Б.К.: У Маркузе, по-моему, в «Эросе и цивилизации», есть такой тезис, что всякая революция — это преданная революция. Почему? Потому что всякая революция совершается объективно для того, чтобы решить конкретную историческую задачу и освободить какой-то определенный социальный слой. Однако ни одна революция не совершилась бы, если б у нее внутри не было некоего «драйва», некой внутренней потребности в тотальной свободе. Поэтому любая революция выходит за пределы своей исторической необходимости и потом происходит неизбежный откат в форме репрессий, когда приходится давить свой собственный освободительный потенциал, чтобы удержаться в рамках изначальной исторической задачи. Кстати, первым об этом написал Энгельс, а Маркузе развил ту же мысль уже во фрейдистских терминах. И в этом смысле урок русской революции был как раз двоякий. С одной стороны, это был невероятный вызов освобождения, анархический выплеск народной стихии, которую большевики с самого начала стараются каким-то образом упорядочить, выступая в роли «единственного европейца» в России. С другой стороны, репрессивно-разрушительный потенциал освободительного движения тоже был выявлен русской революцией с невероятной полнотой, хотя во многом это было повторением судьбы французской революции. А французская, хотя в меньшей степени, повторила судьбу английской, которая, в свою очередь, отчасти повторила историю гуситского движения XV века.

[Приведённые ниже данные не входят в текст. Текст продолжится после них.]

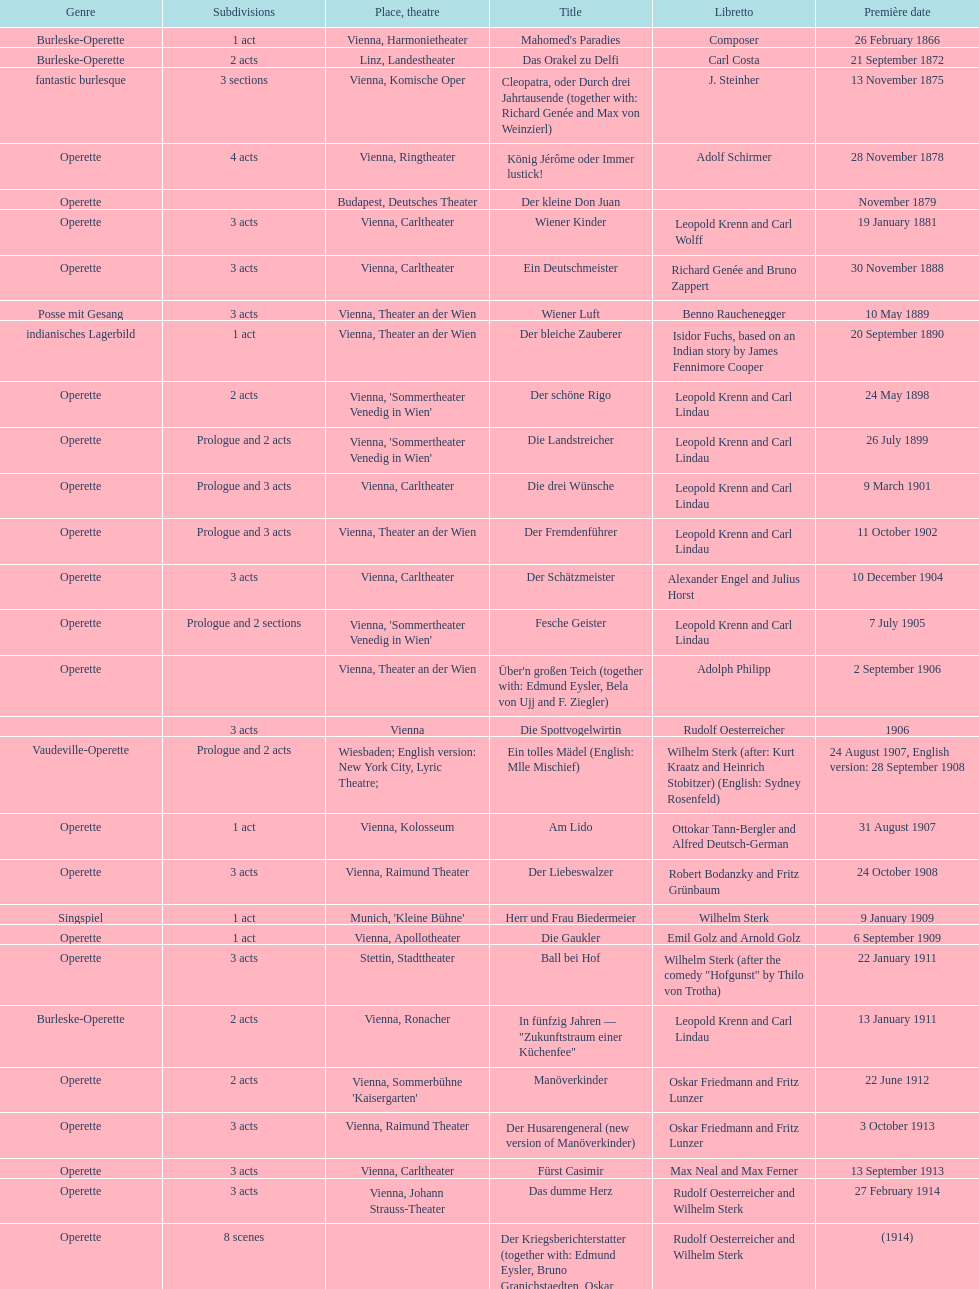Which style is emphasized the most in this graph? Operette.

Если обратиться к историческим прецедентам, революция или захлебывается сразу, оборачиваясь контрреволюцией, или же она, побеждая, проходит все фазы. Именно так и происходит — как с русской революцией, так и с французской, и с английской: все начинается достаточно умеренно, это революционно-демократическая фаза. Потом наступает якобинская фаза, время революционной диктатуры (поразительный параллелизм: большевики называли себя «русскими якобинцами»). Затем следует фаза вырождения — термидор. Наконец, начинается фаза консолидации новой элиты (бонапартизм) и дальше уже — реставрация (это то, в чем мы сейчас живем).

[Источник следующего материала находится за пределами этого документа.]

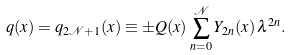<formula> <loc_0><loc_0><loc_500><loc_500>q ( x ) = q _ { 2 \mathcal { N } + 1 } ( x ) \equiv \pm Q ( x ) \, \sum _ { n = 0 } ^ { \mathcal { N } } Y _ { 2 n } ( x ) \, \lambda ^ { 2 n } .</formula> 
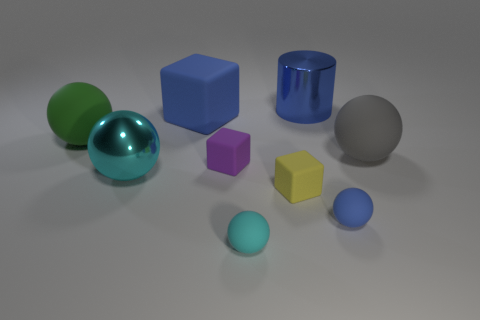There is a big thing that is the same color as the big rubber block; what is its material?
Give a very brief answer. Metal. Is there anything else that has the same size as the gray rubber object?
Offer a very short reply. Yes. How many small objects are either brown cubes or blue rubber objects?
Your answer should be very brief. 1. Are there fewer small yellow blocks than big red shiny cylinders?
Provide a short and direct response. No. The other tiny thing that is the same shape as the purple object is what color?
Offer a terse response. Yellow. Is there anything else that has the same shape as the green rubber thing?
Offer a very short reply. Yes. Is the number of cyan matte cylinders greater than the number of big balls?
Ensure brevity in your answer.  No. How many other things are made of the same material as the gray thing?
Make the answer very short. 6. The yellow object that is left of the small thing that is on the right side of the matte cube that is on the right side of the purple rubber object is what shape?
Provide a succinct answer. Cube. Are there fewer cyan matte spheres behind the small blue sphere than tiny purple cubes behind the purple matte thing?
Your answer should be very brief. No. 
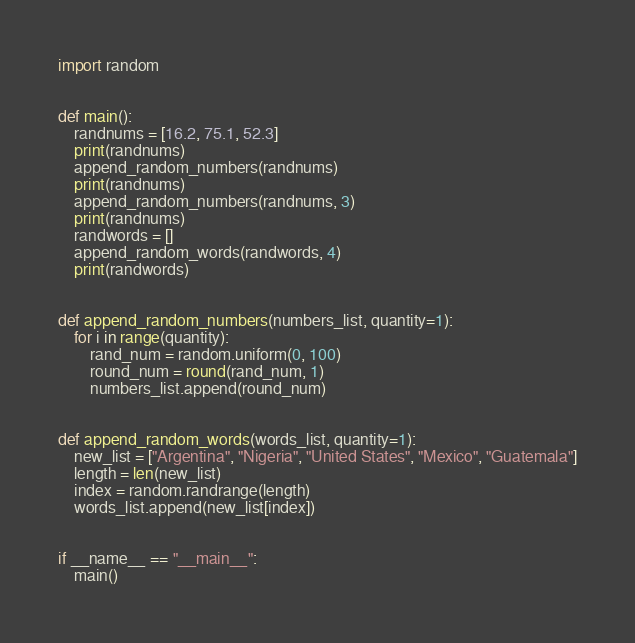<code> <loc_0><loc_0><loc_500><loc_500><_Python_>import random


def main():
    randnums = [16.2, 75.1, 52.3]
    print(randnums)
    append_random_numbers(randnums)
    print(randnums)
    append_random_numbers(randnums, 3)
    print(randnums)
    randwords = []
    append_random_words(randwords, 4)
    print(randwords)


def append_random_numbers(numbers_list, quantity=1):
    for i in range(quantity):
        rand_num = random.uniform(0, 100)
        round_num = round(rand_num, 1)
        numbers_list.append(round_num)


def append_random_words(words_list, quantity=1):
    new_list = ["Argentina", "Nigeria", "United States", "Mexico", "Guatemala"]
    length = len(new_list)
    index = random.randrange(length)
    words_list.append(new_list[index])


if __name__ == "__main__":
    main()
</code> 
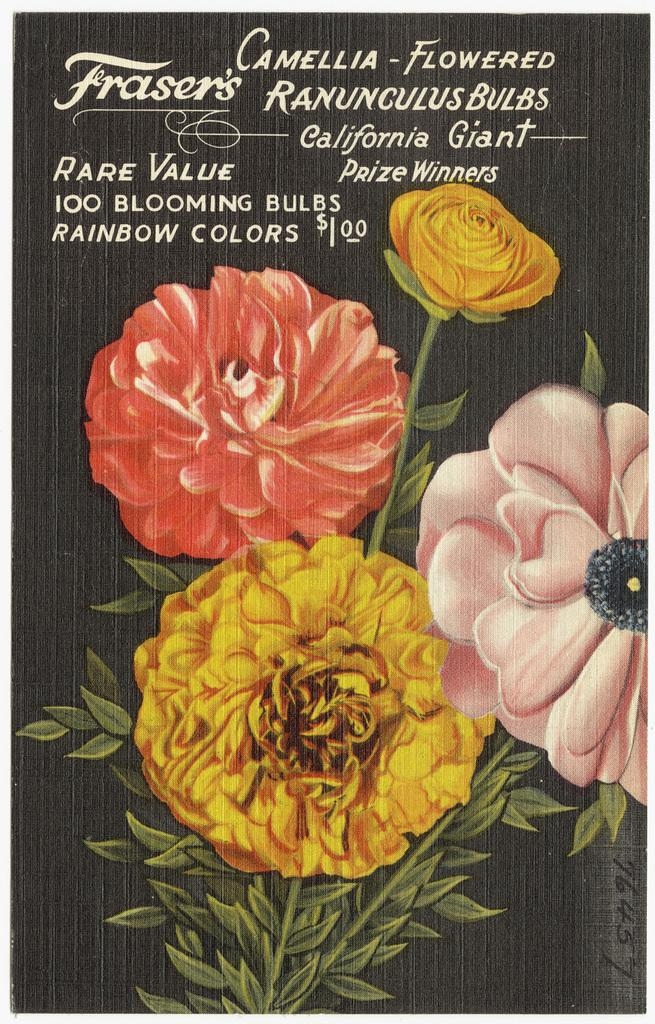What colors are the flowers in the image? The flowers in the image are in yellow, pink, and orange colors. What color are the leaves in the image? The leaves in the image are green. What can be seen written on the image? There is something written on the image. What color is the background of the image? The background of the image is black. Can you see a tree running in the image? There is no tree or running depicted in the image.

Во французской революции имело место военное поражение; мы проиграли холодную войну, — в принципе, это то же самое. Но в данном случае крушение империи и возврат к старому режиму является политическим выражением того, что уже новая, постреволюционная элита закрепляет свое положение, сажая над собой Бурбонов или Стюартов. То есть она ищет способ консолидироваться со старыми элитами, легитимировать свою новую власть за счет вхождения в мировой правящий класс Так, были проведены исследования английской аристократии, которые показали, что большая часть тех, кто сейчас в Англии ею считаются, своим происхождением обязаны революции или постреволюционному периоду. В этом смысле мы в России прошли полный цикл, потому что — кто повесил двуглавых орлов и призвал Международный валютный фонд? Кто запретил коммунистическую партию? Та же самая номенклатура, которая консолидировалась, развилась и в полной мере обуржуазилась.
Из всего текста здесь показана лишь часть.